▶ [Items listed in a dataset]:

::::::::

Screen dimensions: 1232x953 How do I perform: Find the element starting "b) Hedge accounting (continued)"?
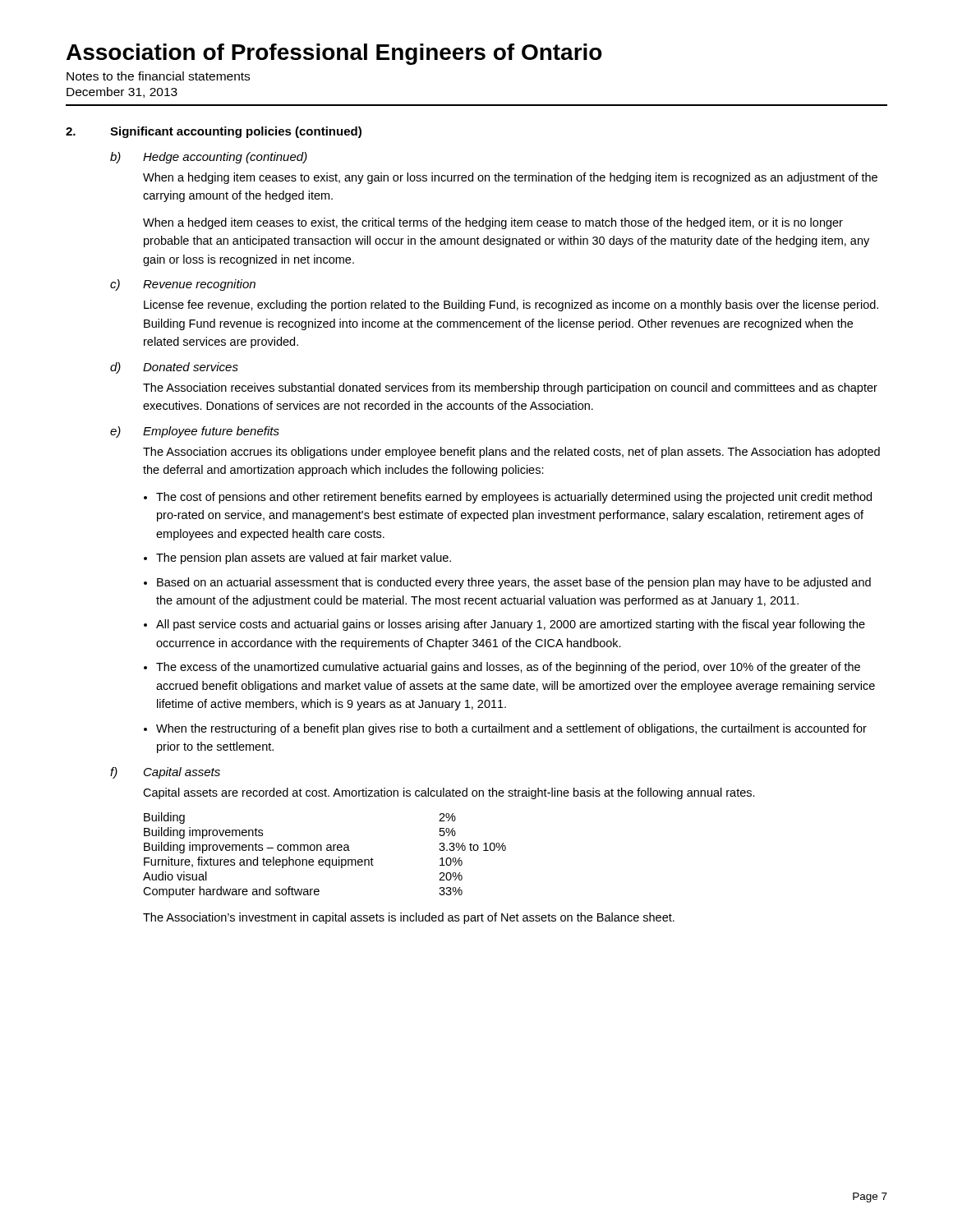pyautogui.click(x=209, y=156)
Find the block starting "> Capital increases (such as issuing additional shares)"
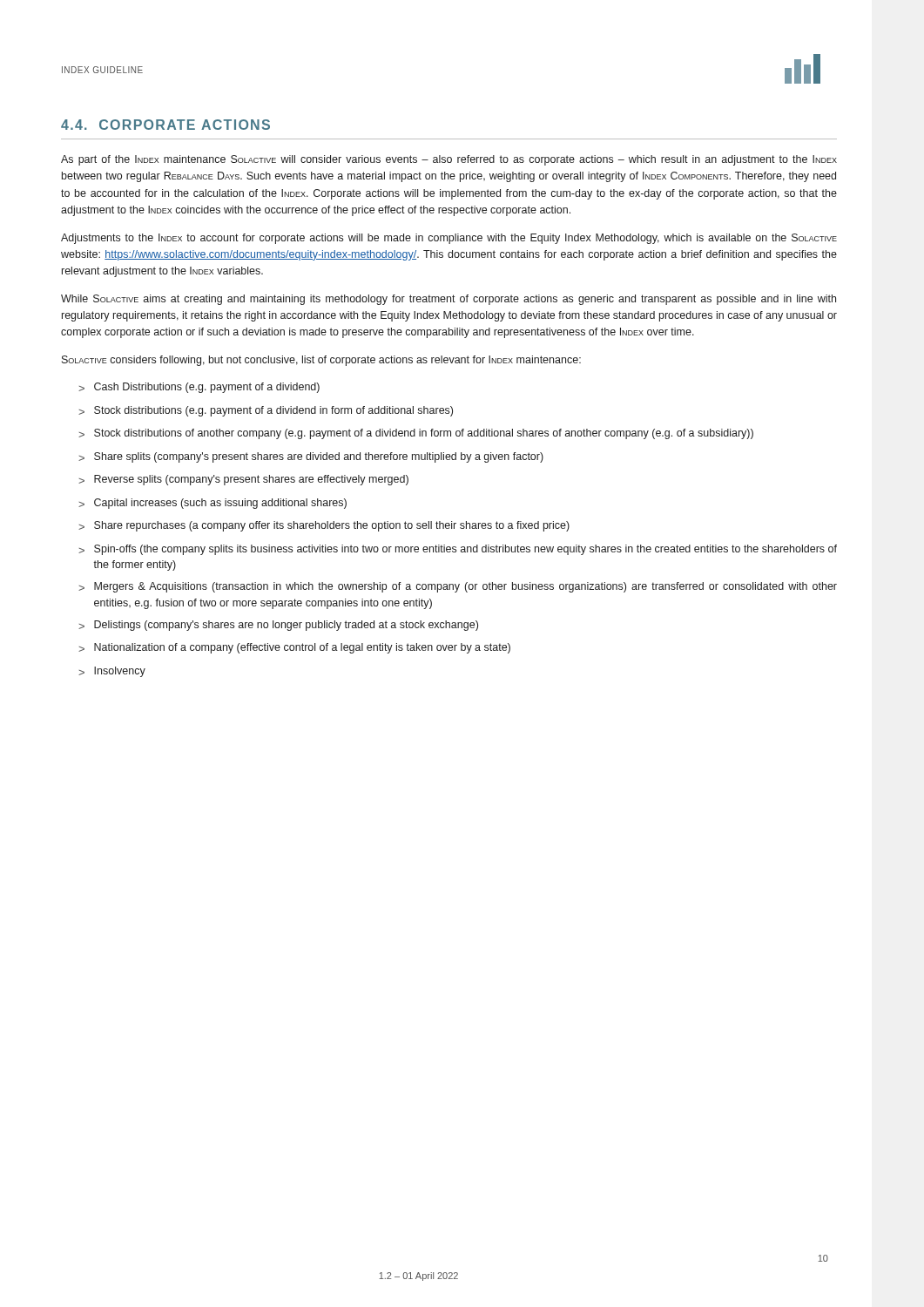This screenshot has width=924, height=1307. coord(212,504)
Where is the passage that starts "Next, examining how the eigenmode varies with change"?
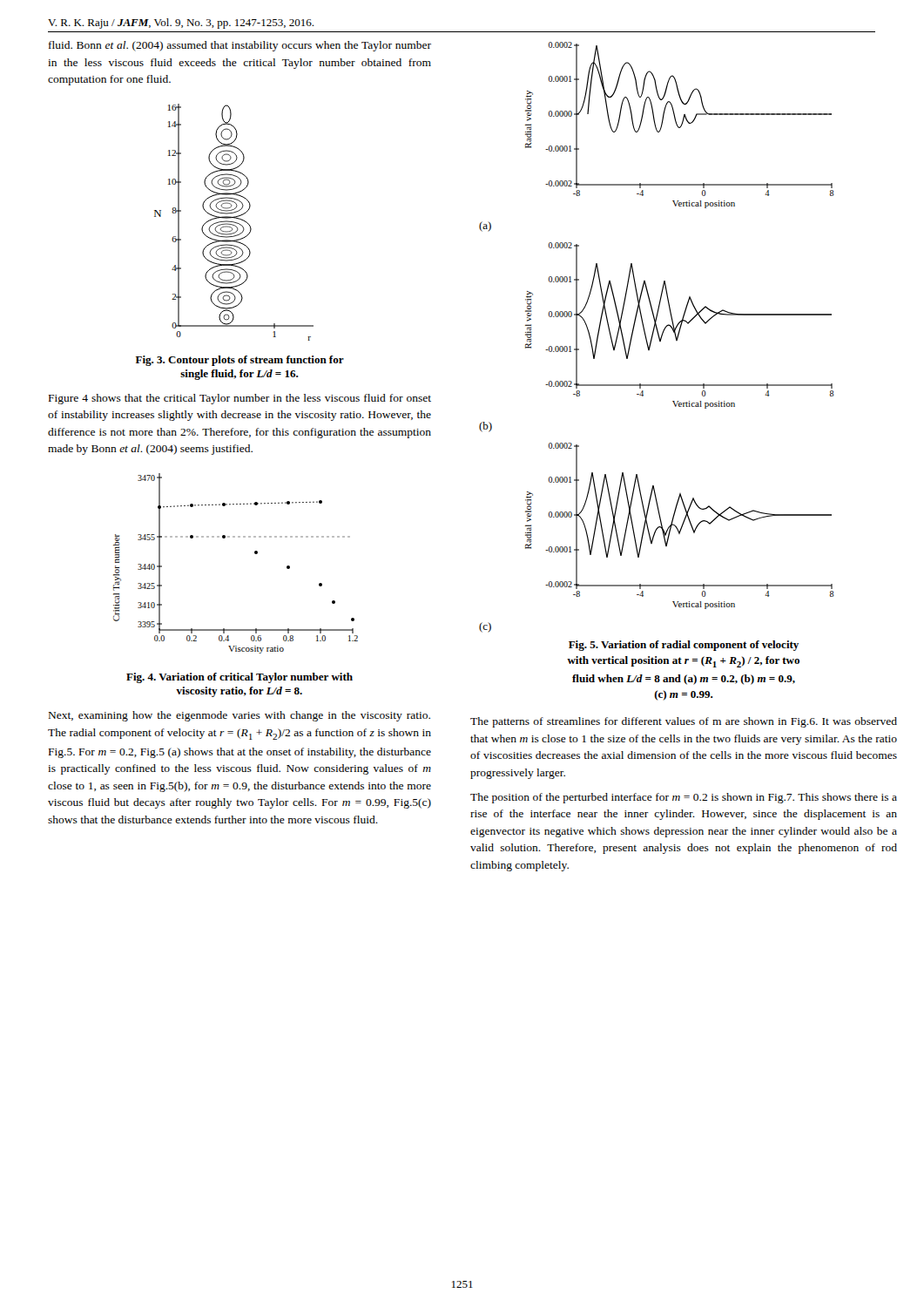This screenshot has height=1307, width=924. click(x=239, y=767)

::::::::

▶ [WHAT YOU NEED TO DO]:
From the line that includes "Where is the" on down to the last line of the entries above, set down each line exactly, leaving out the pictures.

▶ [ANSWER TO THIS TASK]:
Where is the passage that starts "Next, examining how the eigenmode varies with change"?
This screenshot has height=1307, width=924. click(x=239, y=767)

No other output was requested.